- _Exercise prompt_: Every entry below should be written out again exactly.

- _Data supplied_:
----
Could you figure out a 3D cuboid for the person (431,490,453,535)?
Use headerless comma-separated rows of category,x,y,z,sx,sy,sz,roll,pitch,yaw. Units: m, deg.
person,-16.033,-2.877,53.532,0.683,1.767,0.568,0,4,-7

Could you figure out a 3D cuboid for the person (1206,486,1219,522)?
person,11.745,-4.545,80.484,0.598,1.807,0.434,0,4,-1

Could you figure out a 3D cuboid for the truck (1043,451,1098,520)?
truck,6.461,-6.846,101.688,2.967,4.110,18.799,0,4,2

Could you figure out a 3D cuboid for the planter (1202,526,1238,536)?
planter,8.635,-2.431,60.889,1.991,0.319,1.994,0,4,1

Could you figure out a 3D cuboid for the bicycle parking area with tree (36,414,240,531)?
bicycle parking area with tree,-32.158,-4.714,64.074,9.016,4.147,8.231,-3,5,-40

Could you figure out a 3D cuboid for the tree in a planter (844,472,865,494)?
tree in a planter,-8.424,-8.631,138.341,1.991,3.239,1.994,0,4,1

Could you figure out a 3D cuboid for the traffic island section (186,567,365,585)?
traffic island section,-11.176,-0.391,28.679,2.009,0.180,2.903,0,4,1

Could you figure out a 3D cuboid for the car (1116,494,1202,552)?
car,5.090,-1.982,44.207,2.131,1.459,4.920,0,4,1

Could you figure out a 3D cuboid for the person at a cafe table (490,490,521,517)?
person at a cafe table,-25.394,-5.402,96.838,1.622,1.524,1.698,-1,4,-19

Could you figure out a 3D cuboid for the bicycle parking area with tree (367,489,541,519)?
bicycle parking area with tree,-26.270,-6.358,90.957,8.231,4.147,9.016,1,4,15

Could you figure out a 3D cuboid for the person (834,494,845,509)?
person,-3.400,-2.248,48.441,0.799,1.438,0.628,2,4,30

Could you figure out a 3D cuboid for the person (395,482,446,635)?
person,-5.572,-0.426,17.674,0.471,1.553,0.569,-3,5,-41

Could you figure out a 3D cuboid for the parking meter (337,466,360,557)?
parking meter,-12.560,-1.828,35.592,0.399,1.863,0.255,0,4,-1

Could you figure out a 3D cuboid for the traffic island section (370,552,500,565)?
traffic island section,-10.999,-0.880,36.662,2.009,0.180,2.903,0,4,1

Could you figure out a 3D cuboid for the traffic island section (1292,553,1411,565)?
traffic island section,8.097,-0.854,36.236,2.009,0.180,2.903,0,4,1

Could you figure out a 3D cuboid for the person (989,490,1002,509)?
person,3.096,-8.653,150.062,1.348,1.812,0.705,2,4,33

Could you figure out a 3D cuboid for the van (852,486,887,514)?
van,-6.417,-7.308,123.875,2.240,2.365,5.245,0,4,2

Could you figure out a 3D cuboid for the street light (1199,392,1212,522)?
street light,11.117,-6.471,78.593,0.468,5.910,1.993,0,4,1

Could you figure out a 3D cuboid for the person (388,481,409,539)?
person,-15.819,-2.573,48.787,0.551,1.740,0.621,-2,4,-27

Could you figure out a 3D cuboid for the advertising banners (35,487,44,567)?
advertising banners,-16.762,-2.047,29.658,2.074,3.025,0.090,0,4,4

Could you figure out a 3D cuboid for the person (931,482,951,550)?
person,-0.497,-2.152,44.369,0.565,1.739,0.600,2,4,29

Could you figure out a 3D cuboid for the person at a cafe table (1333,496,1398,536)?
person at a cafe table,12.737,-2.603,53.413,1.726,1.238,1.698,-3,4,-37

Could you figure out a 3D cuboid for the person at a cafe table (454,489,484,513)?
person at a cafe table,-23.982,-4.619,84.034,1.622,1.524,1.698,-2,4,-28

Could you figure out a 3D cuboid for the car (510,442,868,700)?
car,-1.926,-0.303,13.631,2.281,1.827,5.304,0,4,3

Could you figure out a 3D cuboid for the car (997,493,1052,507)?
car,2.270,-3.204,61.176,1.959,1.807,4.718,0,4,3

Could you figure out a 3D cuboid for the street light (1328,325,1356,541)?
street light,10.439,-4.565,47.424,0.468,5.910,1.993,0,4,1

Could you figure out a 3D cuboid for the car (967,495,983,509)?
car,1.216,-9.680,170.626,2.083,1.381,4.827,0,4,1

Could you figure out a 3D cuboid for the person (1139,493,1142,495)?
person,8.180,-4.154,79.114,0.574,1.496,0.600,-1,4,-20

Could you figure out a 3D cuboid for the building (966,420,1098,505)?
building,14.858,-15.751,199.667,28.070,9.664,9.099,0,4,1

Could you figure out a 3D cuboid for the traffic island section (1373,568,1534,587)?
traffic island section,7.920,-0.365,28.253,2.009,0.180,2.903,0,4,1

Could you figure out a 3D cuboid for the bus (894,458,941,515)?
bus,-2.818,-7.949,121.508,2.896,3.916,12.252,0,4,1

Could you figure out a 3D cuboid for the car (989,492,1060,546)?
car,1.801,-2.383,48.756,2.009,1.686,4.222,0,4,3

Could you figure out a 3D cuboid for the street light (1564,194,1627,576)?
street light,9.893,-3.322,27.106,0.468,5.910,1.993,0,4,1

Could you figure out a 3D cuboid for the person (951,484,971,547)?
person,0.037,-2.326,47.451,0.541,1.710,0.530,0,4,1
----
- _Reply_:
Could you figure out a 3D cuboid for the person (431,490,453,535)?
Use headerless comma-separated rows of category,x,y,z,sx,sy,sz,roll,pitch,yaw. Units: m, deg.
person,-16.033,-2.877,53.532,0.683,1.767,0.568,0,4,-7

Could you figure out a 3D cuboid for the person (1206,486,1219,522)?
person,11.745,-4.545,80.484,0.598,1.807,0.434,0,4,-1

Could you figure out a 3D cuboid for the truck (1043,451,1098,520)?
truck,6.461,-6.846,101.688,2.967,4.110,18.799,0,4,2

Could you figure out a 3D cuboid for the planter (1202,526,1238,536)?
planter,8.635,-2.431,60.889,1.991,0.319,1.994,0,4,1

Could you figure out a 3D cuboid for the bicycle parking area with tree (36,414,240,531)?
bicycle parking area with tree,-32.158,-4.714,64.074,9.016,4.147,8.231,-3,5,-40

Could you figure out a 3D cuboid for the tree in a planter (844,472,865,494)?
tree in a planter,-8.424,-8.631,138.341,1.991,3.239,1.994,0,4,1

Could you figure out a 3D cuboid for the traffic island section (186,567,365,585)?
traffic island section,-11.176,-0.391,28.679,2.009,0.180,2.903,0,4,1

Could you figure out a 3D cuboid for the car (1116,494,1202,552)?
car,5.090,-1.982,44.207,2.131,1.459,4.920,0,4,1

Could you figure out a 3D cuboid for the person at a cafe table (490,490,521,517)?
person at a cafe table,-25.394,-5.402,96.838,1.622,1.524,1.698,-1,4,-19

Could you figure out a 3D cuboid for the bicycle parking area with tree (367,489,541,519)?
bicycle parking area with tree,-26.270,-6.358,90.957,8.231,4.147,9.016,1,4,15

Could you figure out a 3D cuboid for the person (834,494,845,509)?
person,-3.400,-2.248,48.441,0.799,1.438,0.628,2,4,30

Could you figure out a 3D cuboid for the person (395,482,446,635)?
person,-5.572,-0.426,17.674,0.471,1.553,0.569,-3,5,-41

Could you figure out a 3D cuboid for the parking meter (337,466,360,557)?
parking meter,-12.560,-1.828,35.592,0.399,1.863,0.255,0,4,-1

Could you figure out a 3D cuboid for the traffic island section (370,552,500,565)?
traffic island section,-10.999,-0.880,36.662,2.009,0.180,2.903,0,4,1

Could you figure out a 3D cuboid for the traffic island section (1292,553,1411,565)?
traffic island section,8.097,-0.854,36.236,2.009,0.180,2.903,0,4,1

Could you figure out a 3D cuboid for the person (989,490,1002,509)?
person,3.096,-8.653,150.062,1.348,1.812,0.705,2,4,33

Could you figure out a 3D cuboid for the van (852,486,887,514)?
van,-6.417,-7.308,123.875,2.240,2.365,5.245,0,4,2

Could you figure out a 3D cuboid for the street light (1199,392,1212,522)?
street light,11.117,-6.471,78.593,0.468,5.910,1.993,0,4,1

Could you figure out a 3D cuboid for the person (388,481,409,539)?
person,-15.819,-2.573,48.787,0.551,1.740,0.621,-2,4,-27

Could you figure out a 3D cuboid for the advertising banners (35,487,44,567)?
advertising banners,-16.762,-2.047,29.658,2.074,3.025,0.090,0,4,4

Could you figure out a 3D cuboid for the person (931,482,951,550)?
person,-0.497,-2.152,44.369,0.565,1.739,0.600,2,4,29

Could you figure out a 3D cuboid for the person at a cafe table (1333,496,1398,536)?
person at a cafe table,12.737,-2.603,53.413,1.726,1.238,1.698,-3,4,-37

Could you figure out a 3D cuboid for the person at a cafe table (454,489,484,513)?
person at a cafe table,-23.982,-4.619,84.034,1.622,1.524,1.698,-2,4,-28

Could you figure out a 3D cuboid for the car (510,442,868,700)?
car,-1.926,-0.303,13.631,2.281,1.827,5.304,0,4,3

Could you figure out a 3D cuboid for the car (997,493,1052,507)?
car,2.270,-3.204,61.176,1.959,1.807,4.718,0,4,3

Could you figure out a 3D cuboid for the street light (1328,325,1356,541)?
street light,10.439,-4.565,47.424,0.468,5.910,1.993,0,4,1

Could you figure out a 3D cuboid for the car (967,495,983,509)?
car,1.216,-9.680,170.626,2.083,1.381,4.827,0,4,1

Could you figure out a 3D cuboid for the person (1139,493,1142,495)?
person,8.180,-4.154,79.114,0.574,1.496,0.600,-1,4,-20

Could you figure out a 3D cuboid for the building (966,420,1098,505)?
building,14.858,-15.751,199.667,28.070,9.664,9.099,0,4,1

Could you figure out a 3D cuboid for the traffic island section (1373,568,1534,587)?
traffic island section,7.920,-0.365,28.253,2.009,0.180,2.903,0,4,1

Could you figure out a 3D cuboid for the bus (894,458,941,515)?
bus,-2.818,-7.949,121.508,2.896,3.916,12.252,0,4,1

Could you figure out a 3D cuboid for the car (989,492,1060,546)?
car,1.801,-2.383,48.756,2.009,1.686,4.222,0,4,3

Could you figure out a 3D cuboid for the street light (1564,194,1627,576)?
street light,9.893,-3.322,27.106,0.468,5.910,1.993,0,4,1

Could you figure out a 3D cuboid for the person (951,484,971,547)?
person,0.037,-2.326,47.451,0.541,1.710,0.530,0,4,1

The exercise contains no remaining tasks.